◆ **TRY IT**: Where does the word "none" occur in the material? Copy each line that has it.
──────── EXTRACTED DATA ────────
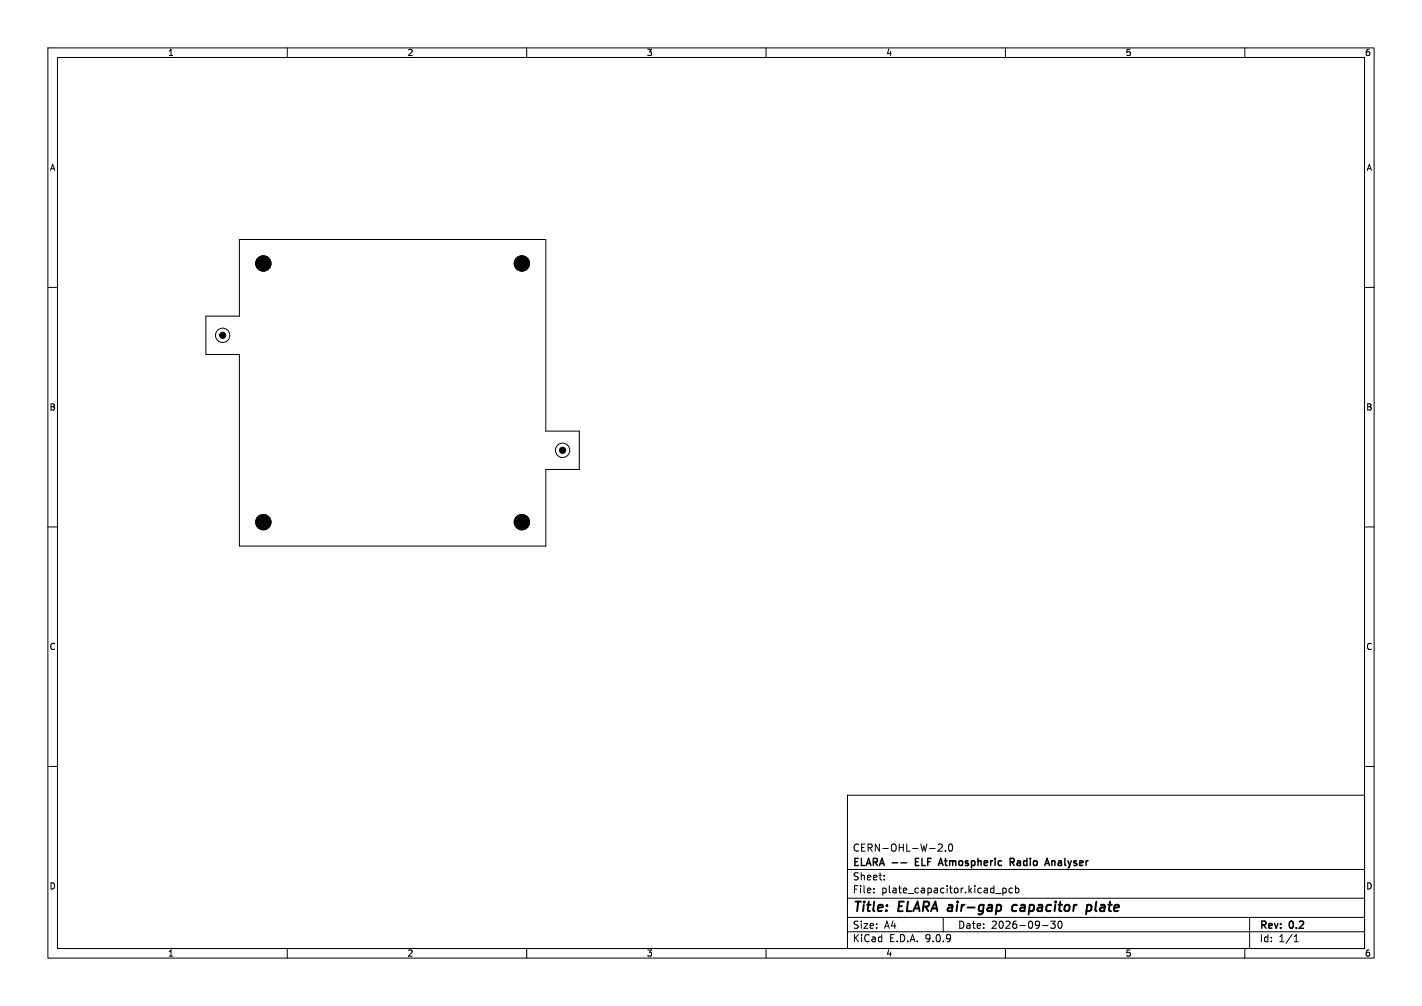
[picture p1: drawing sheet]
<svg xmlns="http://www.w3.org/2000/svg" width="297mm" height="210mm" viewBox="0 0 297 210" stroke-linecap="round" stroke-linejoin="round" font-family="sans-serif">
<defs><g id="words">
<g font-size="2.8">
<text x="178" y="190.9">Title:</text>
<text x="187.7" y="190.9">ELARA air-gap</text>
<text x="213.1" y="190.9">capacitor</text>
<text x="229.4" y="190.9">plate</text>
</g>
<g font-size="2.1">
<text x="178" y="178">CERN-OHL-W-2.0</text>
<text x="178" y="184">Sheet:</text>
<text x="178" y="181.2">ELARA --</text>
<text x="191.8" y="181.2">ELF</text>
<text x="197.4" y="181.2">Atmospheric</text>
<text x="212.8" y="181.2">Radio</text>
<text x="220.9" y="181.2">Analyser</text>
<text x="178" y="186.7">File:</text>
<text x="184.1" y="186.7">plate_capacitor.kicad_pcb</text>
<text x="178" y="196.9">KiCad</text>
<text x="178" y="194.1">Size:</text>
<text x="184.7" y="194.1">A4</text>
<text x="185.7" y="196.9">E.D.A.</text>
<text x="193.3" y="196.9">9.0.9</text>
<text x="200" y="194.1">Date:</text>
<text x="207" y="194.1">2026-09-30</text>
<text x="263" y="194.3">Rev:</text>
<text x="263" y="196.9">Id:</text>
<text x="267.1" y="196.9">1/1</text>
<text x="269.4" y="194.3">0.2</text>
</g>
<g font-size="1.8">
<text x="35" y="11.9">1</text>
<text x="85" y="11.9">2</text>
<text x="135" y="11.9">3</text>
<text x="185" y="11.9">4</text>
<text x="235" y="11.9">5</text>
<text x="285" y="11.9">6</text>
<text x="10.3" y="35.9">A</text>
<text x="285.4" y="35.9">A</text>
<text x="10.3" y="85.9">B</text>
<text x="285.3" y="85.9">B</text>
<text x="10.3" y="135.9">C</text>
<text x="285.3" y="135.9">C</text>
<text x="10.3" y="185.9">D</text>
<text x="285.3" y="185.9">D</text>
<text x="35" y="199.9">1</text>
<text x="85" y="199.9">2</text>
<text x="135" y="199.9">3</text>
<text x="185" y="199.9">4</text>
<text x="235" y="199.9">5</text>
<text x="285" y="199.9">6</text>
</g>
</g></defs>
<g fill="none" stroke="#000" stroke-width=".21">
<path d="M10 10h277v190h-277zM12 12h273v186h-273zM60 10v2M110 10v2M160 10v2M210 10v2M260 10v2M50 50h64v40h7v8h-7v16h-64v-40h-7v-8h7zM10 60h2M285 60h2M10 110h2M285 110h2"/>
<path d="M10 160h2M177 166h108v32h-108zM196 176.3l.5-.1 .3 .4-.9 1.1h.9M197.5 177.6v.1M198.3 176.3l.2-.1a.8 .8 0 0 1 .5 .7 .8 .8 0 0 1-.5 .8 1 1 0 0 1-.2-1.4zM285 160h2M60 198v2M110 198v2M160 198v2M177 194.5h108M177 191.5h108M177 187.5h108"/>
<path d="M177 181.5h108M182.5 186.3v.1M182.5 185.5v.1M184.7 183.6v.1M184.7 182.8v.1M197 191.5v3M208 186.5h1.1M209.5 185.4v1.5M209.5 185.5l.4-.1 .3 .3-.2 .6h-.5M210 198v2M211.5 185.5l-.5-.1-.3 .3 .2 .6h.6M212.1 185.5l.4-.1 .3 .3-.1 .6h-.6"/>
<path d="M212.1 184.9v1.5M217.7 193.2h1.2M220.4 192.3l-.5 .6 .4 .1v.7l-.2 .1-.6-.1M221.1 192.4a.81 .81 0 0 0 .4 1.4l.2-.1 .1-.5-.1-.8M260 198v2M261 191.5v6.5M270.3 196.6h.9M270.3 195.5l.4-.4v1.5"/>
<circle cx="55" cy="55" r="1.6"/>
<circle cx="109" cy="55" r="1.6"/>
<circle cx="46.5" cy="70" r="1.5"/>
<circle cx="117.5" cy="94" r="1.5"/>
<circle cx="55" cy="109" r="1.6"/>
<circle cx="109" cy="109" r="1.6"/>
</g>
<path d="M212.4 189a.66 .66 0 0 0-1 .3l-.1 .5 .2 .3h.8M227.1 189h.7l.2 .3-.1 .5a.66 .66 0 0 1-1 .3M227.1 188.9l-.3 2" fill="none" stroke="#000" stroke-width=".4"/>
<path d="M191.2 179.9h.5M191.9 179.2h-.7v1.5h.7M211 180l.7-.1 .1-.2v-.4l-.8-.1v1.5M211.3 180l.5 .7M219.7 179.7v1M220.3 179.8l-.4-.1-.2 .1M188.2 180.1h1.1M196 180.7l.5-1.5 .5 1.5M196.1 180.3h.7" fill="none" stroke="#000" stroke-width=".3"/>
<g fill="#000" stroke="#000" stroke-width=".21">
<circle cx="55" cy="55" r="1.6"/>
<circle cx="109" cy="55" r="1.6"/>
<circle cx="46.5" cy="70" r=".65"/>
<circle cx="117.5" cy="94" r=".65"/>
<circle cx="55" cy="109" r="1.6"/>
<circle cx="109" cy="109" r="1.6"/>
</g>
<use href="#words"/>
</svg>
────────
◆ **ANSWER SECTION**:
<g fill="none" stroke="#000" stroke-width=".21">
<path d="M212.4 189a.66 .66 0 0 0-1 .3l-.1 .5 .2 .3h.8M227.1 189h.7l.2 .3-.1 .5a.66 .66 0 0 1-1 .3M227.1 188.9l-.3 2" fill="none" stroke="#000" stroke-width=".4"/>
<path d="M191.2 179.9h.5M191.9 179.2h-.7v1.5h.7M211 180l.7-.1 .1-.2v-.4l-.8-.1v1.5M211.3 180l.5 .7M219.7 179.7v1M220.3 179.8l-.4-.1-.2 .1M188.2 180.1h1.1M196 180.7l.5-1.5 .5 1.5M196.1 180.3h.7" fill="none" stroke="#000" stroke-width=".3"/>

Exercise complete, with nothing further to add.